Been back to all my youthful haunts in the past couple of years.

House I was born in has been extensively remodeled, but still is there and the neighborhood looks pretty much the same. Like wolfman above, I was surprised that places that seemed so far to a 6-year old are really quite near each other.

House 2 in Indiana I lived in for 18 months (dad got transferred) is still there, but the trees all grew up (it was a new development with houses still being built) and it looks…drearier these days.

Houses 3 and 4 back in Ohio are still there, not much has changed about them.

House 1 was in a small town, the others in what we would call Suburbia these days.

I lived in Savannah Georgia from the early 1960s to 1975. I’ve gone back a time or two but the town of my boyhood no longer exists. In the 1960s downtown Savannah was a vibrant shopping district; Savannah got it’s first outlying mall in the early 1970s. The times I went back downtown was a ghost town and even the mall had been superceded by newer malls. The old brick-pile elementary and middle schools I attended are closed.
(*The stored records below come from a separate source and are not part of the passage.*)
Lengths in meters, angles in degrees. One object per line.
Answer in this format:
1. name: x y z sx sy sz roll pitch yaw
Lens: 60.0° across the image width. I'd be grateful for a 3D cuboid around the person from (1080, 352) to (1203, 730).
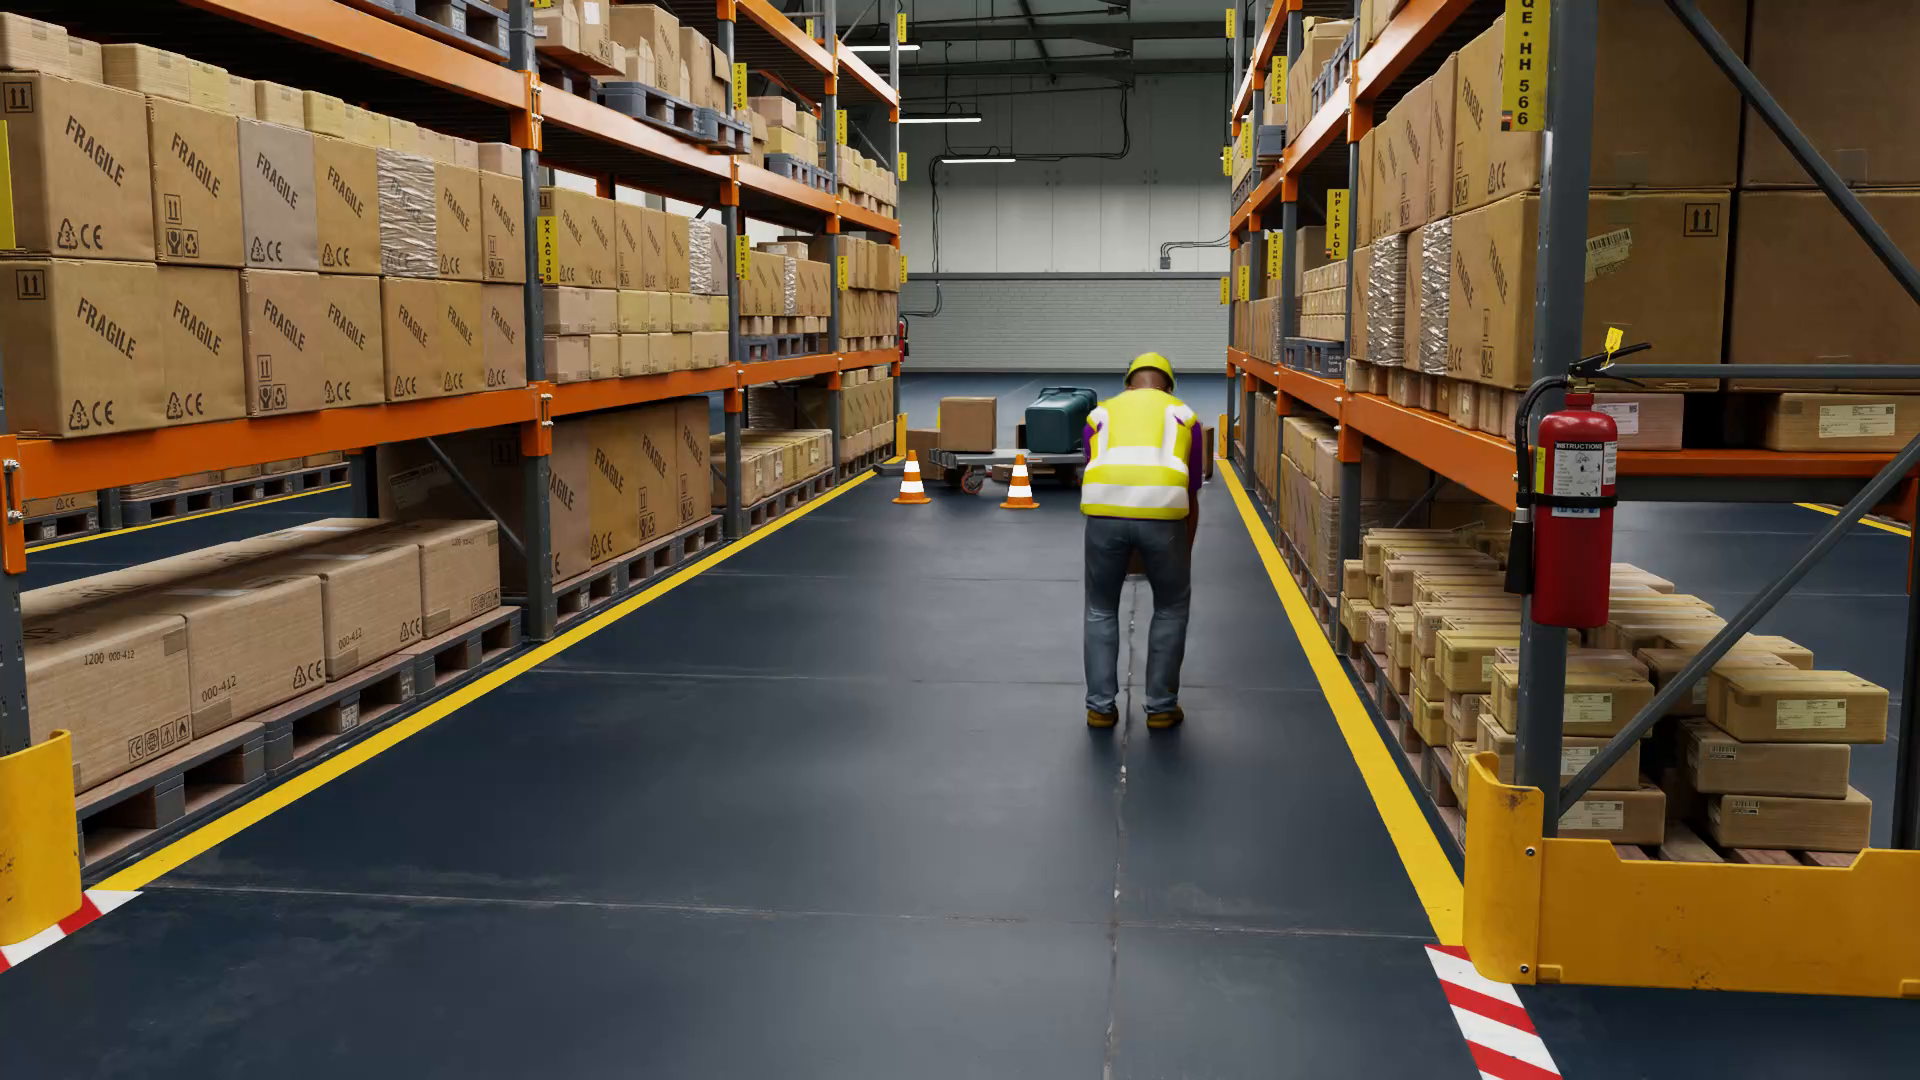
1. person: 0.740 -0.019 6.855 0.487 1.497 0.832 2 8 14
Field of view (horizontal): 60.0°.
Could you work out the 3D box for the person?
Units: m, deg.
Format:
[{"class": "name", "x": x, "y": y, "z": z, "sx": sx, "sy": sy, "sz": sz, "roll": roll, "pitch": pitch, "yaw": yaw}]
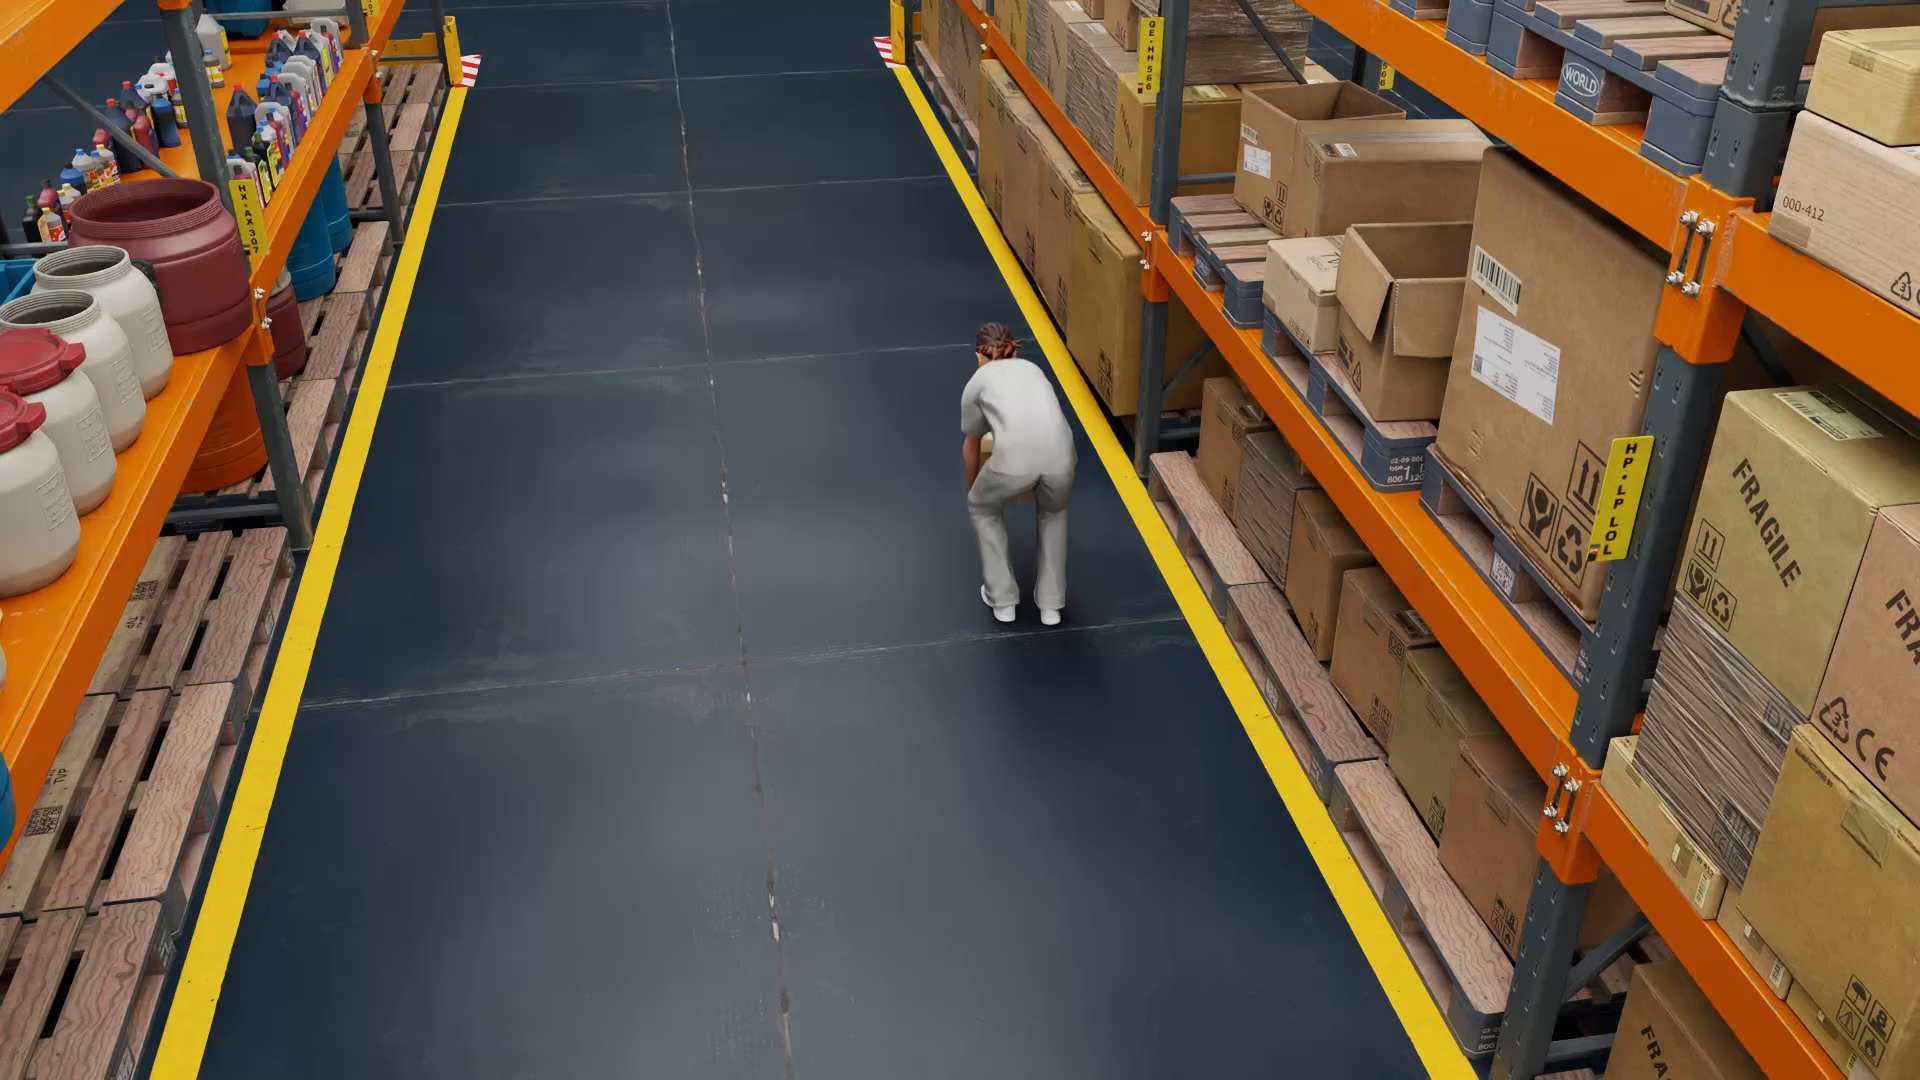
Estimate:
[{"class": "person", "x": 0.236, "y": -0.271, "z": 7.116, "sx": 0.435, "sy": 1.137, "sz": 0.852, "roll": -7, "pitch": 31, "yaw": -11}]
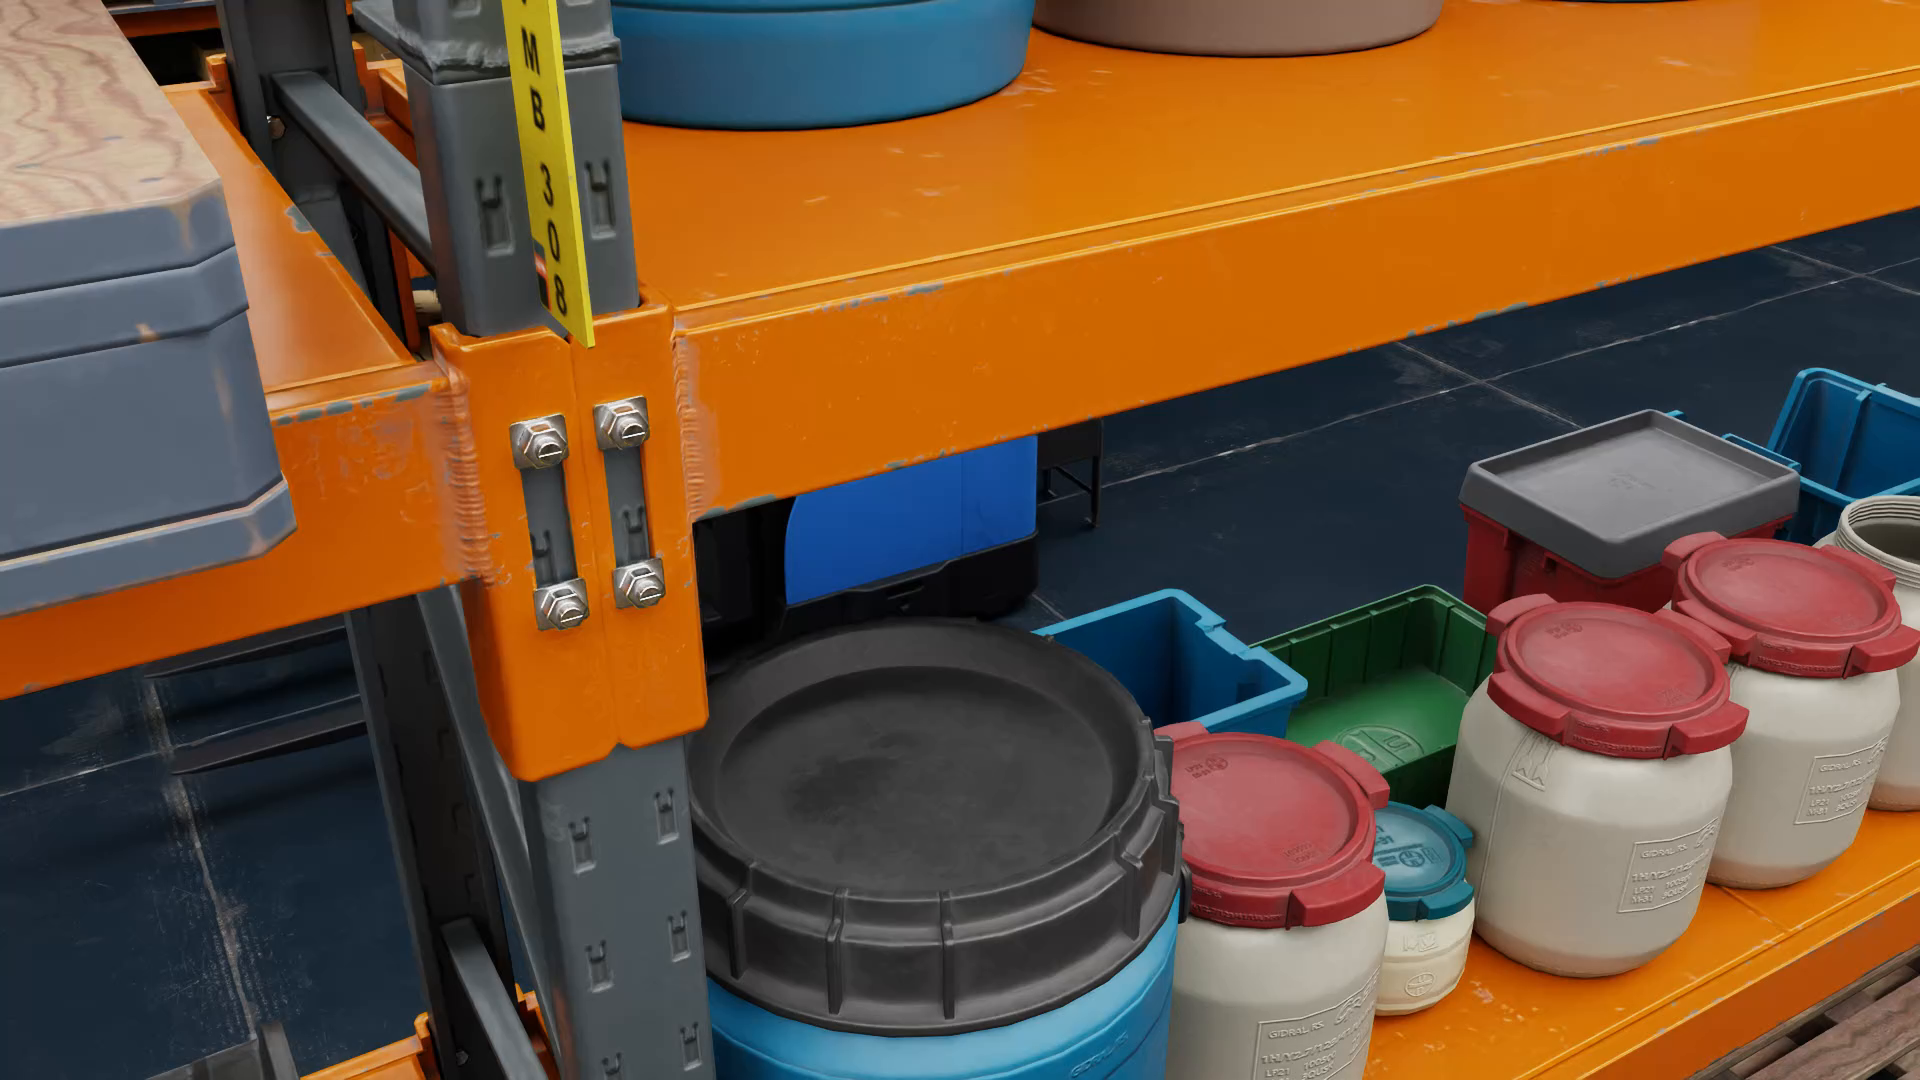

There’s also been a lot of development. Back in the day Savannah was damn near the only significant point of civilization between Hilton Head in South Carolina and Brunswick down the coast. Today there are a lot more roads and suburbs. Tybee Island was a half-developed rural town where mostly poor people lived; at some point it gentrified into expensive beach homes.

My Grandfathers house: This project started the year before my father did, and it is, dimensionaly the same today as it was years ago, but the tiny first floor looks nothing like it did, and after we sold it in the 1980’s the new owners blew off the room and added a second floor with 4 bedrooms upstairs. The Realtor photos look like they lowered the basement floor, but with all the photos shot wide angle, who knows. My grandfathers man cave, a/k/a the garages are gone.

I once did a Google streetview project of finding every house I ever lived in, back to the 30’s, in 17 states/provinces, about 40 of them. Only four were gone, the rest still there and recognizable.

Baseball HOFer and broadcaster Ralph Kiner is one who can’t. He was born in the New Mexico mining town of Santa Rita, the exact 3-dimensional site of which is now about 500 feet in the air above an open pit copper mine.